Periodic Reporting for period 3 - LIFEPLAN (A Planetary Inventory of Life – a New Synthesis Built on Big Data Combined with Novel Statistical Methods)
Période du rapport: 2022-07-01 au 2023-12-31
There are two main reasons why we understand biodiversity and its drivers so poorly. First, we lack the relevant data, since for the vast majority of species we have either no data or very sporadic data. Second, the processes underlying biodiversity dynamics are complex, and we lack the tools for converting the data that we do have into a true understanding of the processes behind them.
Through LIFEPLAN, we will overcome both hurdles. We bring together the key expertise needed to generate and interpret Big Ecological Data for a global synthesis of biotic patterning across our planet uniting community ecology, methods for automated species recognition, and Bayesian statistics for immense data.

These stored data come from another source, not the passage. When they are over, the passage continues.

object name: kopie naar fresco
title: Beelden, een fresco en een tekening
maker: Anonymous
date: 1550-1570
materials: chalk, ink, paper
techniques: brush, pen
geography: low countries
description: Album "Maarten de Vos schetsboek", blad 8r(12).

As a basis for the whole LIFEPLAN venture, we will generate a well-standardized global dataset for a substantial proportion of all species. Such standardization is achieved through semi-automated methods, producing comparable data independent of the exact expertise of the person or team conducting the sampling. Based on a recent revolution in sampling methodology, such a sampling design is now finally achievable.
To identify the species in the samples, images and sounds that are being collected, we have developed machine learning models. The massive amounts of data we are collecting make it impossible for individual human experts to go through it all, which is why we need machine learning methods. We have also set up websites for collecting the training data that will be required for the identification task. The training data will be sound, image, and DNA barcode libraries of known species.
A major challenge is that we are discovering many new species. We have addressed this challenge by developing a classification approach that uses probabilities to represent uncertainty in classification and taxa discovery. We have also developed a new approach for predicting the number of new taxa that would be discovered if a given number of additional samples were processed - providing valuable information for the design of sampling and prediction of biodiversity. This approach also adds to the statistical literature on species sampling models, relevant to very broad applications beyond ecology.
Beyond collecting our own data and analyzing it, a major part of LIFEPLAN is developing new methods for big data statistics. We have developed multiple new modelling frameworks that can flexibly adapt to the types of structure common in spatial ecology data, as well as many other applications. We have produced multiple algorithms for more efficient computation in modelling of large spatial data – these algorithms can handle broad data types and models. We have developed two new classes of algorithms to enable much faster Bayesian statistical analyses of very long time series data, while maintaining theoretical guarantees on accuracy of the approximations employed.
A number of the statistical developments are also significantly beyond the state of the art in the field. Particularly notable are new structured frameworks for factor analysis, new paradigms for Gaussian process modelling with the input domain having unknown restrictions, and a new framework for species sampling modelling, improving upon the broad Bayesian nonparametric statistical literature on this topic. In addition, our articles on scalable algorithms for spatial and temporal data are significantly beyond the state of the art.
As both the data collection and the statistical work continue, we will next be able to apply the new methods we develop to our new data. We expect this to lead to a transformative new understanding of life on earth as we put together new models of how species are distributed across the globe.